Excerpted records:
*-*-*

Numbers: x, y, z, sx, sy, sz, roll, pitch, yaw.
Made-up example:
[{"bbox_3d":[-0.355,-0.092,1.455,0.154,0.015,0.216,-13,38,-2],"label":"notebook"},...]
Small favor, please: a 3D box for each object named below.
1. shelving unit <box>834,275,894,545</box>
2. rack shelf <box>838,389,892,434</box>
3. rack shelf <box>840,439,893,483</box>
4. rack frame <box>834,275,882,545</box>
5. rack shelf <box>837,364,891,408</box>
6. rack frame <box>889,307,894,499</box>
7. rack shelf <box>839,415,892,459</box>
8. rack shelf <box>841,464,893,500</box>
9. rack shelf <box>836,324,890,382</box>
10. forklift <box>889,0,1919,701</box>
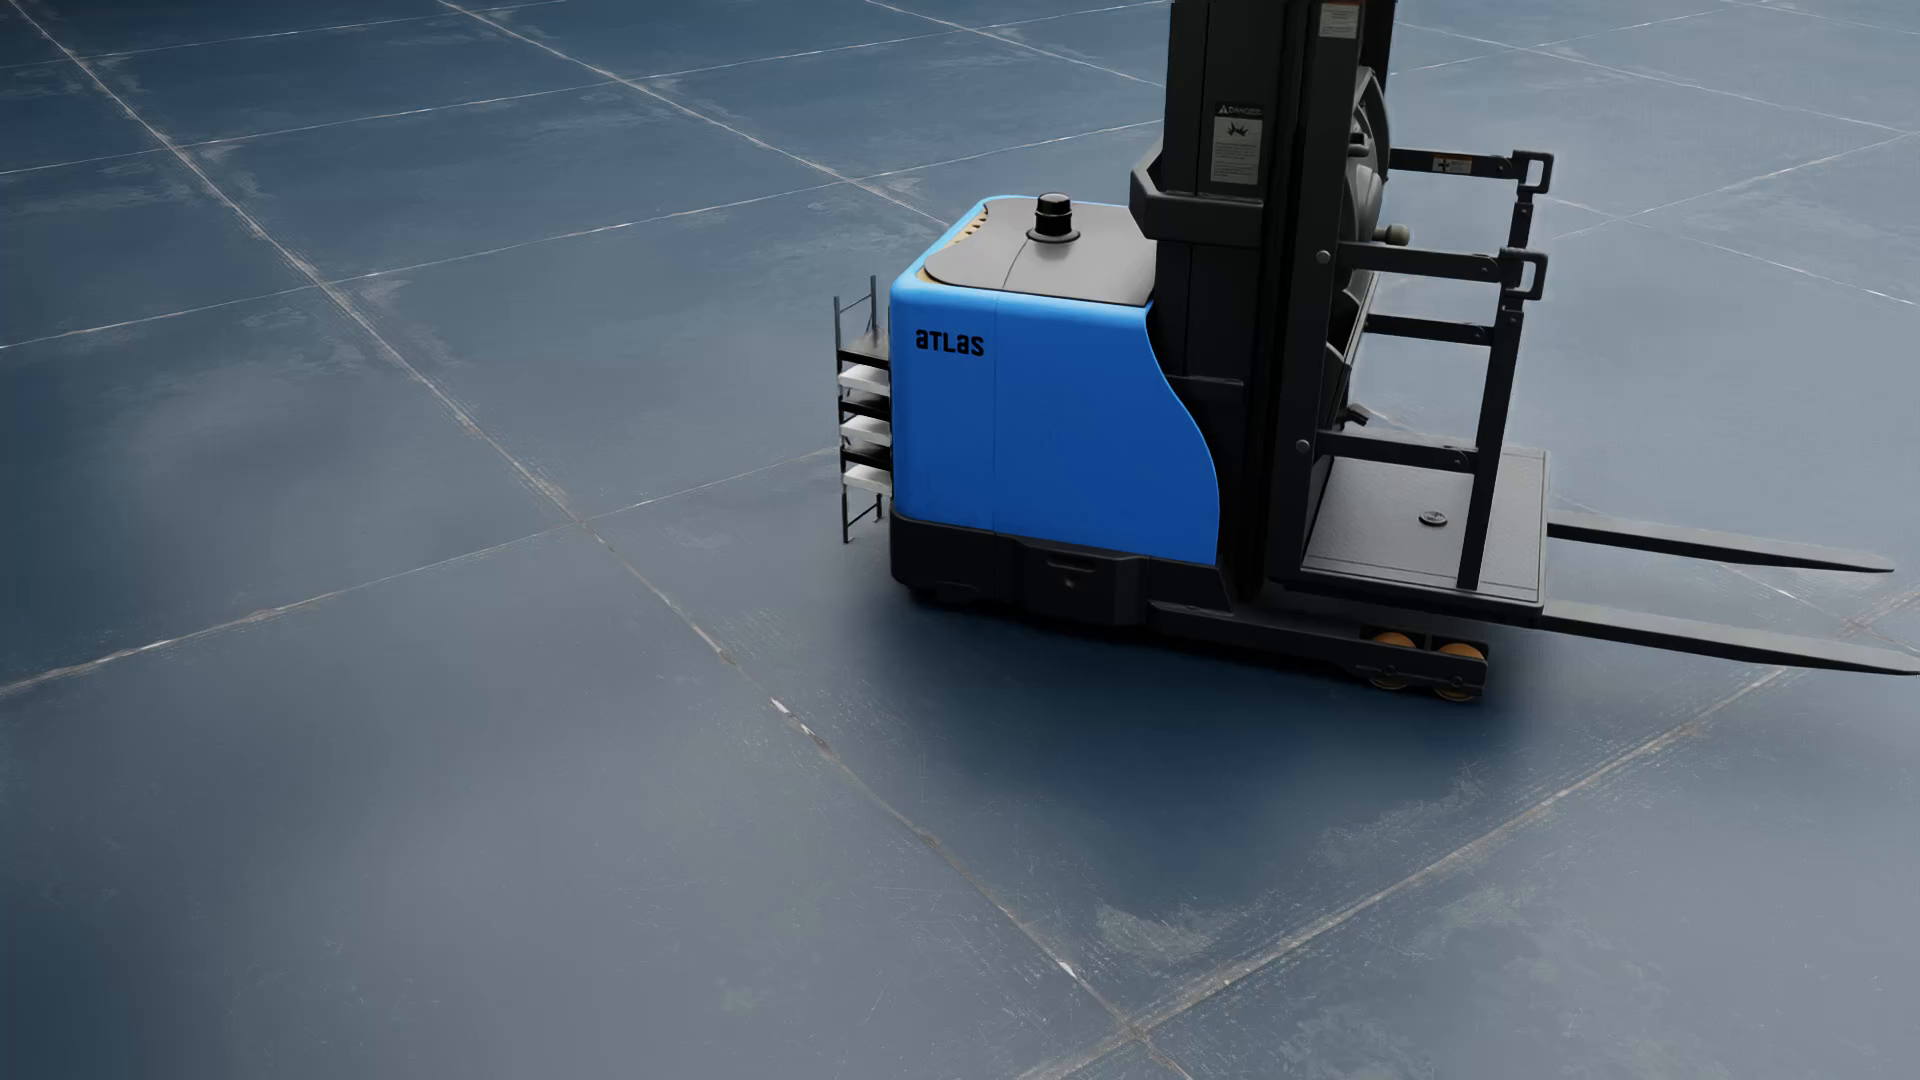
[{"bbox_3d":[-0.251,-0.404,5.552,0.210,0.900,0.258,15,32,26],"label":"shelving unit"},{"bbox_3d":[-0.251,-0.454,5.525,0.200,0.077,0.258,15,32,26],"label":"rack shelf"},{"bbox_3d":[-0.251,-0.296,5.611,0.200,0.077,0.258,15,32,26],"label":"rack shelf"},{"bbox_3d":[-0.340,-0.428,5.596,0.006,0.900,0.240,15,32,26],"label":"rack frame"},{"bbox_3d":[-0.251,-0.533,5.482,0.200,0.077,0.258,15,32,26],"label":"rack shelf"},{"bbox_3d":[-0.162,-0.381,5.508,0.006,0.900,0.240,15,32,26],"label":"rack frame"},{"bbox_3d":[-0.251,-0.375,5.568,0.200,0.077,0.258,15,32,26],"label":"rack shelf"},{"bbox_3d":[-0.251,-0.217,5.654,0.200,0.077,0.258,15,32,26],"label":"rack shelf"},{"bbox_3d":[-0.251,-0.612,5.439,0.200,0.077,0.258,15,32,26],"label":"rack shelf"},{"bbox_3d":[1.350,-1.101,4.705,3.031,2.935,1.130,9,30,16],"label":"forklift"}]
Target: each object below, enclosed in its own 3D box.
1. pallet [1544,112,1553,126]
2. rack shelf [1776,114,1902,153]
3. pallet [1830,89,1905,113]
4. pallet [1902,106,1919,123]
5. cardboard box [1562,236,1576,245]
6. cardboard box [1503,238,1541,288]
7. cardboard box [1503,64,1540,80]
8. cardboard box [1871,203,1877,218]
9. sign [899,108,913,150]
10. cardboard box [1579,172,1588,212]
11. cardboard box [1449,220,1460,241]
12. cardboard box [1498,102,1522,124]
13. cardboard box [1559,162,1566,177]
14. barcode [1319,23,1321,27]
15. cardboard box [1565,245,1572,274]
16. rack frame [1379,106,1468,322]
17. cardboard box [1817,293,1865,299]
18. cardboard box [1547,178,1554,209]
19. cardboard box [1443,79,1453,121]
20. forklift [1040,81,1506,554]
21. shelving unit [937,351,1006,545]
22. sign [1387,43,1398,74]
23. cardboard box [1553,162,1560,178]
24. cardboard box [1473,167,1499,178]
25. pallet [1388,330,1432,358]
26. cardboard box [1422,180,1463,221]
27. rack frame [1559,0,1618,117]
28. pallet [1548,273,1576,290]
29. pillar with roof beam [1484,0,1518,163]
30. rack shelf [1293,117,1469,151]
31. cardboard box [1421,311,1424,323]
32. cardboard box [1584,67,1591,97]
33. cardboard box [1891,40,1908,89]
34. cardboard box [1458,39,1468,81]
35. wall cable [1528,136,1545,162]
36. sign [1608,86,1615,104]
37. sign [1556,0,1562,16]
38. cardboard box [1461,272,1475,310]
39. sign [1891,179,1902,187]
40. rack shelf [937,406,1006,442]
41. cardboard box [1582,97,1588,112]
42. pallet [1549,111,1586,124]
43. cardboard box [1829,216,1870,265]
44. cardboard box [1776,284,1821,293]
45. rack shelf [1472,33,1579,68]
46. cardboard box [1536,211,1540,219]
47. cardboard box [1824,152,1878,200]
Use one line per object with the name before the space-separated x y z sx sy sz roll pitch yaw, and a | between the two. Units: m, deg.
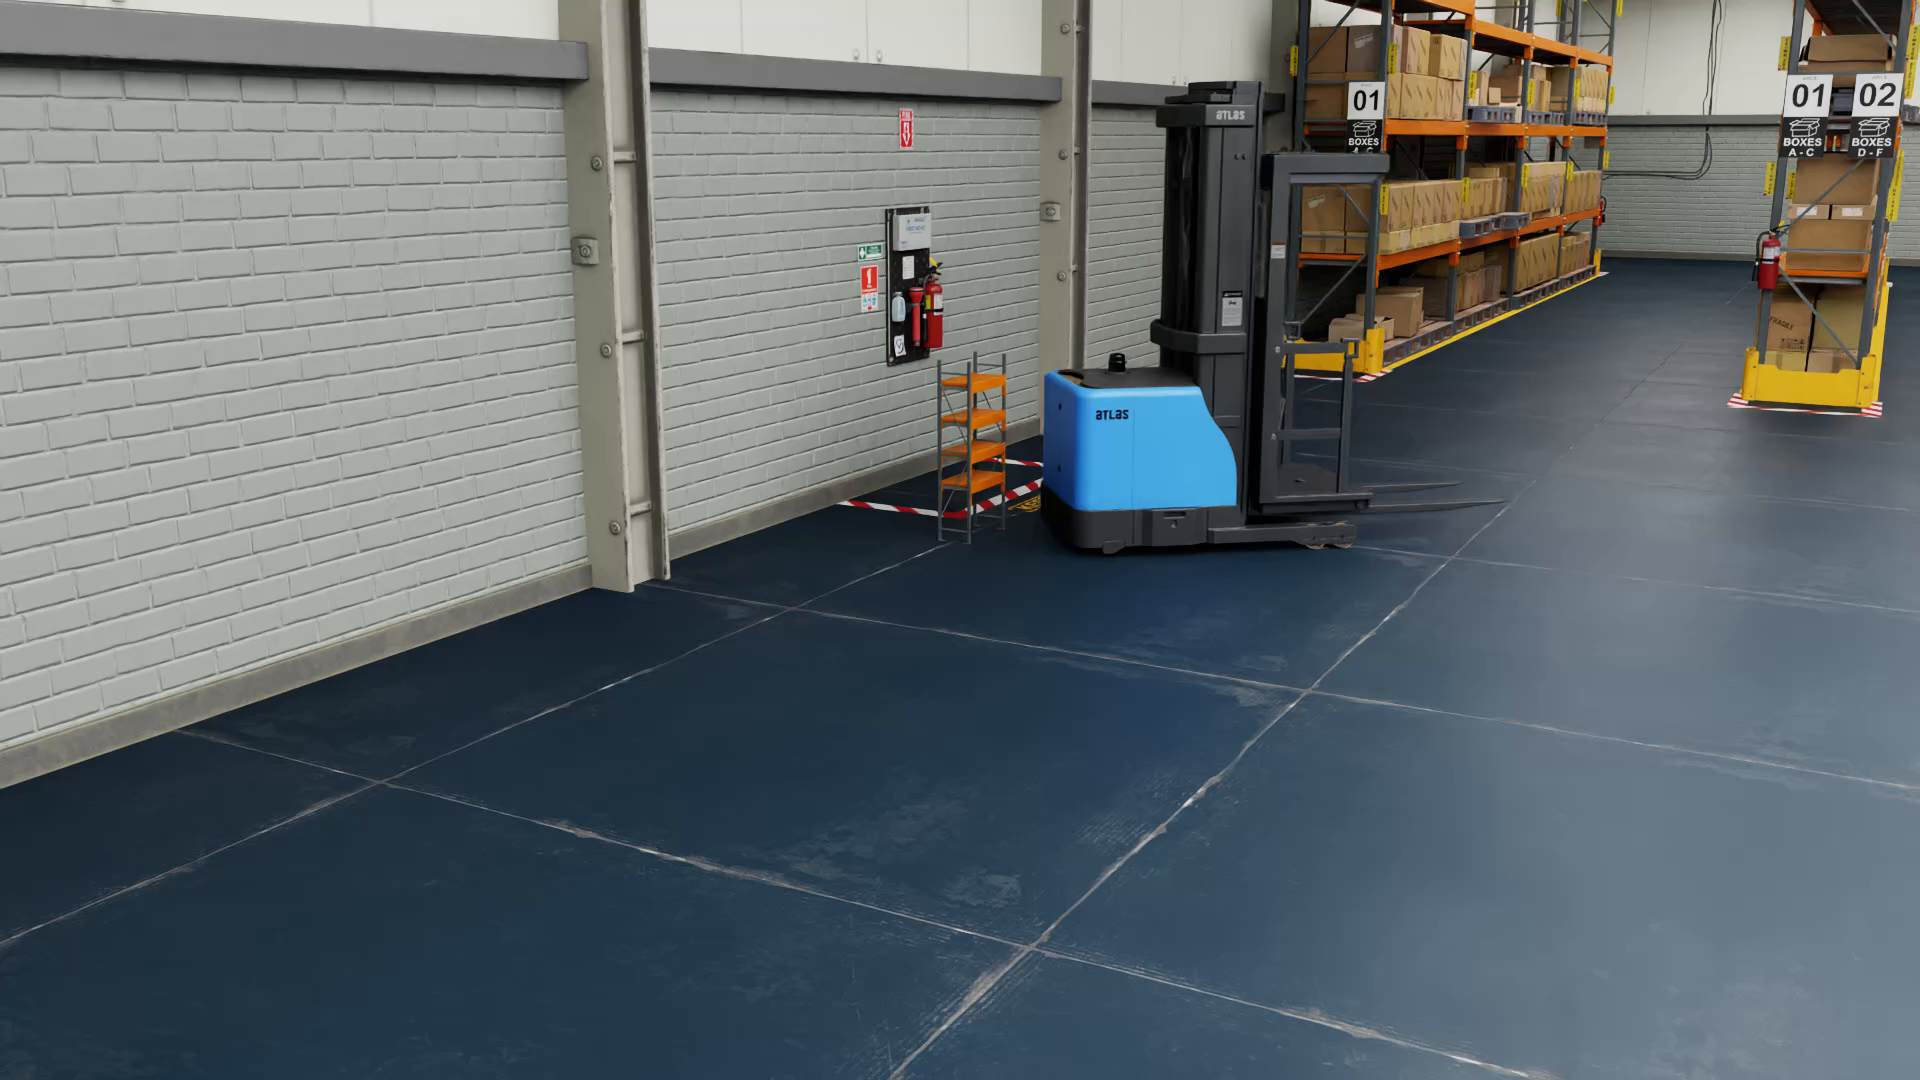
pallet | 8.909 -6.802 26.851 1.003 0.211 1.213 8 16 31
rack shelf | 9.544 -4.385 17.956 1.077 0.370 4.000 7 15 28
pallet | 8.941 -4.423 16.770 1.003 0.211 1.213 7 15 28
pallet | 12.194 -5.724 22.381 1.213 0.211 1.003 8 16 31
cardboard box | 11.068 -5.491 30.464 0.380 0.149 0.250 7 15 26
cardboard box | 9.005 -4.542 27.164 0.750 0.750 0.750 7 15 28
cardboard box | 9.246 -7.693 27.392 0.500 0.250 0.500 7 15 26
cardboard box | 9.202 -3.392 17.104 0.380 0.149 0.250 7 15 28
sign | -0.400 -3.071 12.426 0.001 0.298 0.199 7 15 28
cardboard box | 11.017 -6.443 30.720 0.980 0.700 0.700 7 15 25
cardboard box | 6.208 -4.052 21.720 0.500 0.250 0.500 7 15 28
cardboard box | 7.994 -6.314 24.571 0.500 0.311 0.500 7 15 28
cardboard box | 10.038 -6.331 28.404 0.500 0.250 0.500 8 16 29
barcode | 4.144 -5.913 19.135 0.001 0.075 0.075 7 15 28
cardboard box | 10.737 -5.122 30.316 0.700 0.500 0.500 7 15 27
rack frame | 6.172 -4.247 22.250 1.000 3.000 0.127 7 15 28
cardboard box | 9.501 -2.390 17.916 0.500 0.500 0.500 7 15 28
cardboard box | 9.549 -5.760 27.636 0.500 0.500 0.500 7 15 28
cardboard box | 5.889 -5.530 20.914 0.500 0.500 0.500 6 15 23
forklift | 2.120 -1.483 10.930 3.031 2.935 1.130 -2 14 -10
shelving unit | 0.080 -0.617 11.034 0.258 1.200 0.503 7 15 28
sign | 4.713 -5.248 18.137 0.100 0.325 0.005 7 15 28
cardboard box | 9.782 -6.227 27.973 0.500 0.250 0.500 8 16 29
cardboard box | 7.965 -5.571 25.207 0.380 0.149 0.250 5 15 21
pallet | 5.290 -2.498 20.947 1.003 0.211 1.213 7 15 28
cardboard box | 6.214 -4.416 21.630 0.500 0.500 0.500 7 15 28
rack frame | 11.973 -9.626 31.759 1.000 3.000 0.127 7 15 28
pallet | 10.476 -4.680 29.996 1.003 0.211 1.213 7 15 28
pillar with roof beam | 13.389 -8.559 27.334 9.100 9.000 0.400 7 15 28
rack shelf | 5.205 -4.945 20.281 1.077 0.370 4.000 7 15 28
cardboard box | 5.940 -2.970 22.061 0.380 0.166 0.250 5 15 21
cardboard box | 10.873 -8.112 29.491 0.500 0.500 0.500 7 15 27
cardboard box | 9.619 -4.955 17.377 0.500 0.500 0.500 7 15 28
cardboard box | 6.167 -6.116 21.214 0.500 0.500 0.500 6 15 23
wall cable | 11.764 -7.573 33.878 0.084 1.984 1.851 7 15 28
sign | 12.441 -8.495 31.750 0.100 0.325 0.005 7 15 28
sign | 11.490 -10.221 31.897 0.100 0.325 0.005 7 15 28
cardboard box | 7.001 -3.611 24.004 0.700 0.500 0.500 8 15 29
sign | 10.997 -4.083 19.555 0.100 0.325 0.005 7 15 28
rack shelf | 0.080 -0.769 10.997 0.258 0.148 0.480 7 15 28
cardboard box | 10.863 -7.741 29.555 0.500 0.250 0.500 7 15 27
pallet | 10.444 -7.470 29.409 1.003 0.211 1.213 7 15 28
cardboard box | 9.063 -3.117 17.350 0.700 0.500 0.500 8 16 29
cardboard box | 9.529 -2.654 19.012 0.500 0.500 0.500 7 15 28
rack shelf | 9.073 -7.850 26.784 1.077 0.370 4.000 7 15 28
cardboard box | 9.333 -5.366 27.384 0.380 0.149 0.250 8 16 30
cardboard box | 9.332 -3.863 17.673 0.700 0.500 0.500 7 15 28

*-*-*

Task requirements:
The listing above holds a line with "37. sign [1556,0,1562,16]" and a line with "47. cardboard box [1824,152,1878,200]". Print the stretch from the first through the second, exactly and alone.

Task result:
37. sign [1556,0,1562,16]
38. cardboard box [1461,272,1475,310]
39. sign [1891,179,1902,187]
40. rack shelf [937,406,1006,442]
41. cardboard box [1582,97,1588,112]
42. pallet [1549,111,1586,124]
43. cardboard box [1829,216,1870,265]
44. cardboard box [1776,284,1821,293]
45. rack shelf [1472,33,1579,68]
46. cardboard box [1536,211,1540,219]
47. cardboard box [1824,152,1878,200]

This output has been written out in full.